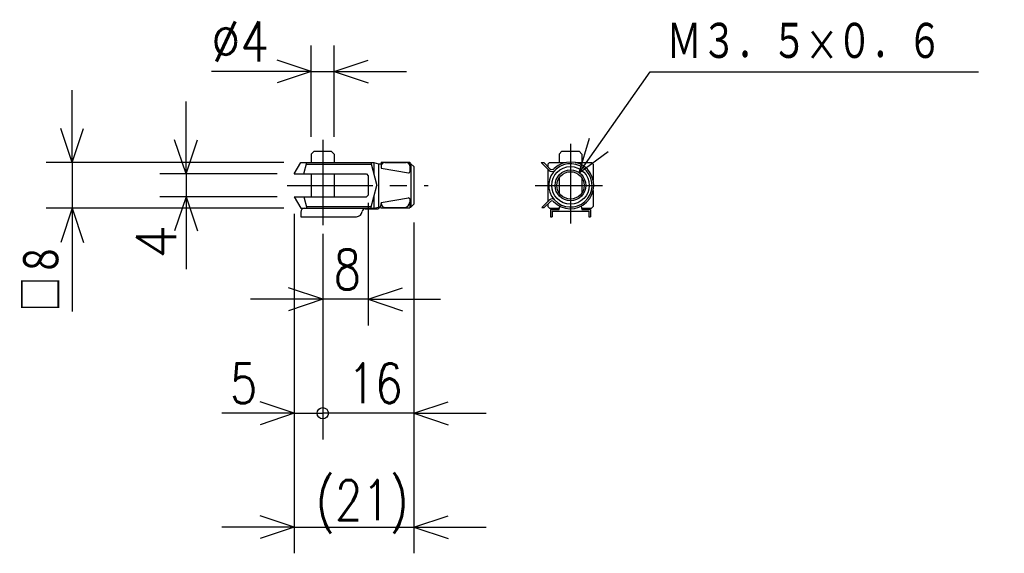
# Model space of a CAD drawing. Extents: x -112 to -25.5, y 121.4 to 168.2.
import ezdxf

# ---------------------------------------------------------------- set-up
doc = ezdxf.new("R2010")
doc.units = 0
doc.linetypes.add('CENTER', pattern=[12, 7.5, -1.5, 1.5, -1.5])
doc.layers.get('0').update_dxf_attribs({"linetype": 'CONTINUOUS'})
doc.styles.get("Standard").update_dxf_attribs({"font": 'txt', "bigfont": 'BIGFONT'})

msp = doc.modelspace()

# ---------------------------------------------------------------- linework, layer by layer
at = {"color": 7, "linetype": 'CONTINUOUS'}
for p, q in [((-86.359528, 157.91325), (-86.359528, 165.94925)), ((-84.359528, 157.91325), (-84.359528, 165.94925)), ((-86.359528, 163.66325), (-89.359528, 164.66325)), ((-84.359528, 163.66325), (-81.359528, 164.66325)), ((-86.359528, 163.66325), (-95.133224, 163.66325)), ((-86.359528, 163.66325), (-92.709527, 163.66325)), ((-86.359528, 163.66325), (-89.359528, 162.66325)), ((-86.359528, 163.66325), (-84.359528, 163.66325)), ((-84.359528, 163.66325), (-81.359528, 162.66325)), ((-84.359528, 163.66325), (-78.009528, 163.66325)), ((-62.833096, 154.76764), (-56.600491, 163.63277)), ((-56.600491, 163.63277), (-27.779324, 163.63277)), ((-107.35953, 155.66325), (-107.35953, 162.01325)), ((-97.359528, 154.66325), (-97.359528, 161.01325)), ((-107.35953, 155.66325), (-108.35953, 158.66325)), ((-107.35953, 155.66325), (-106.35953, 158.66325)), ((-97.359528, 154.66325), (-98.359528, 157.66325)), ((-97.359528, 154.66325), (-96.359528, 157.66325)), ((-62.833096, 154.76764), (-61.925752, 157.79695)), ((-86.359535, 156.41325), (-86.109535, 156.66325)), ((-86.109528, 156.66325), (-84.609528, 156.66325)), ((-84.359528, 156.41325), (-84.60952, 156.66324)), ((-64.359528, 156.66324), (-64.609528, 156.41324)), ((-64.359528, 156.66325), (-62.859528, 156.66325)), ((-62.859531, 156.66327), (-62.609528, 156.41325)), ((-62.833096, 154.76764), (-60.289634, 156.64668)), ((-88.782181, 155.66325), (-109.64552, 155.66325)), ((-107.35953, 155.66325), (-107.35953, 151.66325)), ((-87.859528, 154.66325), (-87.282181, 155.66325)), ((-87.282181, 155.66325), (-80.859528, 155.66325)), ((-87.029572, 154.66325), (-86.76162, 155.66325)), ((-86.359528, 156.41325), (-86.359528, 155.66325)), ((-84.359528, 156.41325), (-84.359528, 155.66325)), ((-81.145432, 155.66325), (-80.609528, 153.66325)), ((-80.859528, 155.66325), (-80.859528, 154.59627)), ((-80.85952, 155.66324), (-80.459526, 155.56325)), ((-80.219971, 155.71326), (-80.219971, 155.1702)), ((-80.219971, 155.71326), (-77.719971, 155.71326)), ((-79.919975, 155.66325), (-78.019974, 155.66325)), ((-77.719971, 155.71326), (-77.719971, 154.84856)), ((-66.171661, 155.66325), (-65.516937, 155.00853)), ((-66.171661, 155.66325), (-65.959534, 155.66325)), ((-65.959534, 155.66325), (-65.445824, 155.14955)), ((-65.459518, 155.66325), (-65.60952, 155.51324)), ((-65.459526, 155.66325), (-64.059525, 155.66325)), ((-64.609528, 156.41325), (-64.609528, 155.66325)), ((-63.159531, 155.66325), (-61.759529, 155.66325)), ((-62.609528, 156.41325), (-62.609528, 155.66325)), ((-61.759533, 155.66325), (-61.609524, 155.51326)), ((-86.801811, 155.51326), (-81.105232, 155.51326)), ((-80.459526, 155.56325), (-80.459526, 151.76326)), ((-80.459526, 155.56325), (-80.234528, 155.56325)), ((-80.219971, 155.17018), (-77.837341, 154.75006)), ((-77.719971, 155.56325), (-77.609528, 155.56325)), ((-77.609535, 155.56326), (-77.359528, 155.31325)), ((-77.609528, 155.56325), (-77.609528, 151.76326)), ((-77.359528, 155.31325), (-77.359528, 152.01326)), ((-65.609528, 155.51326), (-65.609528, 155.31325)), ((-65.609528, 155.10112), (-65.609528, 152.22539)), ((-61.609528, 155.51326), (-61.609528, 154.11325)), ((-89.359528, 154.66325), (-99.645523, 154.66325)), ((-97.359528, 154.66325), (-97.359528, 152.66325)), ((-87.859528, 154.66325), (-81.509529, 154.66325)), ((-86.359528, 154.66325), (-86.359528, 152.66325)), ((-84.359528, 154.66325), (-84.359528, 152.66325)), ((-81.509521, 154.66325), (-81.359528, 154.51326)), ((-81.359528, 154.51326), (-81.359528, 152.81325)), ((-64.609528, 154.32658), (-64.609528, 152.99992)), ((-62.609528, 154.32658), (-62.609528, 152.99992)), ((-81.145432, 151.66325), (-80.609535, 153.66325)), ((-61.609528, 153.21326), (-61.609528, 151.81325)), ((-89.359528, 152.66325), (-99.645523, 152.66325)), ((-97.359528, 152.66325), (-98.359528, 149.66325)), ((-97.359528, 152.66325), (-97.359528, 147.20438)), ((-97.359528, 152.66325), (-96.359528, 149.66325)), ((-97.359528, 152.66325), (-97.359528, 146.31325)), ((-87.859535, 152.66327), (-87.282181, 151.66325)), ((-87.859528, 152.66325), (-81.509529, 152.66325)), ((-87.029572, 152.66327), (-86.76162, 151.66325)), ((-81.359535, 152.81326), (-81.509537, 152.66325)), ((-81.359528, 152.12669), (-81.359528, 141.37724)), ((-80.859528, 152.73024), (-80.859528, 151.66325)), ((-80.459526, 152.15631), (-80.459526, 151.96326)), ((-80.226227, 152.15523), (-77.837341, 152.57645)), ((-77.719971, 152.47795), (-77.719971, 151.68825)), ((-66.121658, 151.71326), (-65.444702, 152.39021)), ((-65.909538, 151.71326), (-65.375168, 152.24762)), ((-88.782181, 151.66325), (-109.64552, 151.66325)), ((-107.35953, 151.66325), (-108.35953, 148.66325)), ((-107.35953, 151.66325), (-107.35953, 142.5939)), ((-107.35953, 151.66325), (-106.35953, 148.66325)), ((-107.35953, 151.66325), (-107.35953, 145.31325)), ((-87.282181, 151.66325), (-80.859528, 151.66325)), ((-87.282181, 151.31325), (-87.282181, 150.91325)), ((-86.801811, 151.81325), (-81.105232, 151.81325)), ((-81.644867, 151.61325), (-80.502029, 151.61325)), ((-80.859528, 151.66325), (-80.459526, 151.76326)), ((-80.459526, 151.76326), (-80.319977, 151.76326)), ((-80.235855, 151.68825), (-77.719971, 151.68825)), ((-79.82843, 151.71326), (-78.209976, 151.71326)), ((-77.719971, 151.76326), (-77.609528, 151.76326)), ((-77.359535, 152.01326), (-77.609535, 151.76326)), ((-66.121658, 151.71326), (-65.909531, 151.71326)), ((-65.609528, 152.01326), (-65.609528, 151.81325)), ((-65.609528, 151.81325), (-65.459518, 151.66324)), ((-65.459526, 151.66325), (-64.581039, 151.66325)), ((-65.359528, 151.55693), (-65.359528, 150.91325)), ((-65.359528, 151.55693), (-64.609528, 151.55693)), ((-65.209526, 151.40694), (-65.209526, 150.91325)), ((-65.209526, 151.40694), (-62.009529, 151.40694)), ((-64.609528, 151.55693), (-64.535248, 151.83417)), ((-62.683815, 151.83417), (-62.609528, 151.55693)), ((-62.638016, 151.66325), (-61.759529, 151.66325)), ((-62.609528, 151.55693), (-61.859528, 151.55693)), ((-62.009529, 151.40694), (-62.009529, 150.91325)), ((-61.859528, 151.55693), (-61.859528, 150.91325)), ((-61.759525, 151.66325), (-61.609524, 151.81325)), ((-87.859528, 151.16325), (-87.859528, 131.37724)), ((-87.859528, 151.16325), (-87.859528, 121.37725)), ((-87.282181, 150.91325), (-82.393188, 150.91325)), ((-77.359528, 150.41325), (-77.359528, 131.37724)), ((-65.359528, 150.91325), (-65.209526, 150.91325)), ((-62.009529, 150.91325), (-61.859528, 150.91325)), ((-77.359528, 150.26326), (-77.359528, 121.37725)), ((-85.359528, 149.41325), (-85.359528, 131.37724)), ((-85.359528, 149.41325), (-85.359528, 141.37724)), ((-85.359528, 149.41325), (-85.359528, 131.37724)), ((-85.359528, 143.66325), (-88.359528, 144.66325)), ((-81.359528, 143.66325), (-78.359528, 144.66325)), ((-85.359528, 143.66325), (-91.709527, 143.66325)), ((-85.359528, 143.66325), (-88.359528, 142.66325)), ((-81.359528, 143.66325), (-85.359528, 143.66325)), ((-81.359528, 143.66325), (-78.359528, 142.66325)), ((-81.359528, 143.66325), (-75.009528, 143.66325)), ((-87.859528, 133.66325), (-90.859528, 134.66325)), ((-77.359528, 133.66325), (-74.359528, 134.66325)), ((-87.859528, 133.66325), (-94.209527, 133.66325)), ((-87.859528, 133.66325), (-93.502533, 133.66325)), ((-87.859528, 133.66325), (-90.859528, 132.66325)), ((-87.859528, 133.66325), (-85.359528, 133.66325)), ((-77.359528, 133.66325), (-85.359528, 133.66325)), ((-77.359528, 133.66325), (-74.359528, 132.66325)), ((-77.359528, 133.66325), (-71.009528, 133.66325)), ((-87.859528, 123.66325), (-90.859528, 124.66325)), ((-77.359528, 123.66325), (-74.359528, 124.66325)), ((-87.859528, 123.66325), (-94.209527, 123.66325)), ((-87.859528, 123.66325), (-90.859528, 122.66325)), ((-87.859528, 123.66325), (-77.359528, 123.66325)), ((-77.359528, 123.66325), (-74.359528, 122.66325)), ((-77.359528, 123.66325), (-71.009528, 123.66325))]:
    msp.add_line(p, q, dxfattribs=at)
at = {"color": 7, "linetype": 'CENTER'}
for p, q in [((-85.359528, 157.66768), (-85.359528, 149.96407)), ((-63.609528, 157.30443), (-63.609528, 150.30849)), ((-88.46653, 153.66325), (-76.110451, 153.66325)), ((-66.697838, 153.66325), (-60.807976, 153.66325))]:
    msp.add_line(p, q, dxfattribs=at)
at = {"color": 7, "linetype": 'CONTINUOUS'}
for centre, radius in [((-63.609528, 153.66325), 1.650001), ((-63.609528, 153.66325), 1.35), ((-63.609528, 153.66325), 1.2), ((-85.359528, 133.66325), 0.5)]:
    msp.add_circle(centre, radius, dxfattribs=at)
for centre, radius, start, end in [((-79.919975, 155.36325), 0.3, 90, 180), ((-78.019974, 155.36325), 0.3, 0, 90), ((-63.609528, 153.66325), 2.049999, 223.79066, 133.71962), ((-77.819977, 154.84856), 0.1, 260.00012, 0), ((-65.2341, 155.29137), 0.4, 224.99923, 314.93664), ((-63.609528, 153.66325), 1.9, 222.46033, 221.19512), ((-65.233681, 155.36168), 0.3, 224.99897, 313.72019), ((-79.82843, 152.11325), 0.4, 173.97841, 270), ((-78.209976, 152.20326), 0.49, 270, 0), ((-77.819977, 152.47795), 0.1, 0, 99.999877), ((-65.232567, 152.17809), 0.3, 42.461486, 135.00103), ((-65.233742, 152.1062), 0.2, 43.792894, 135), ((-86.932175, 151.31325), 0.35, 90, 180), ((-82.393188, 151.41325), 0.5, 270, 356.17662), ((-81.644867, 151.36325), 0.25, 90, 176.17836), ((-80.719971, 152.06325), 0.5, 295.84171, 298.95466), ((-80.728432, 152.05852), 0.5, 299.51044, 3.0648954), ((-80.235855, 151.18825), 0.5, 90, 118.95466)]:
    msp.add_arc(centre, radius, start, end, dxfattribs=at)

# ---------------------------------------------------------------- texts
for s, width, p in [('%%C4', 0.844216, (-95.133228, 164.53825)), ('Ｍ３．５×０．６', 0.8, (-55.179323, 164.50777)), ('8', 0.8, (-84.404703, 144.53825)), ('5', 0.8, (-93.502528, 134.53825)), ('16', 0.8, (-83.153802, 134.53825)), ('(21)', 0.8, (-85.962161, 124.295706))]:
    msp.add_text(s, height=3.5, dxfattribs=dict(at, width=width)).set_placement(p)
msp.add_text('4', height=3.5, rotation=90.000003, dxfattribs=at).set_placement((-98.234528, 147.20438))
at = {"color": 7, "linetype": 'CONTINUOUS', "width": 0.7903}
msp.add_text('□８', height=3.5, rotation=90.000003, dxfattribs=at).set_placement((-108.23453, 142.5939))

doc.saveas('drawing.dxf')

- The problem: Search the listing above for the string "rotation" and return each line it appears on.

- Task answer:
msp.add_text('4', height=3.5, rotation=90.000003, dxfattribs=at).set_placement((-98.234528, 147.20438))
msp.add_text('□８', height=3.5, rotation=90.000003, dxfattribs=at).set_placement((-108.23453, 142.5939))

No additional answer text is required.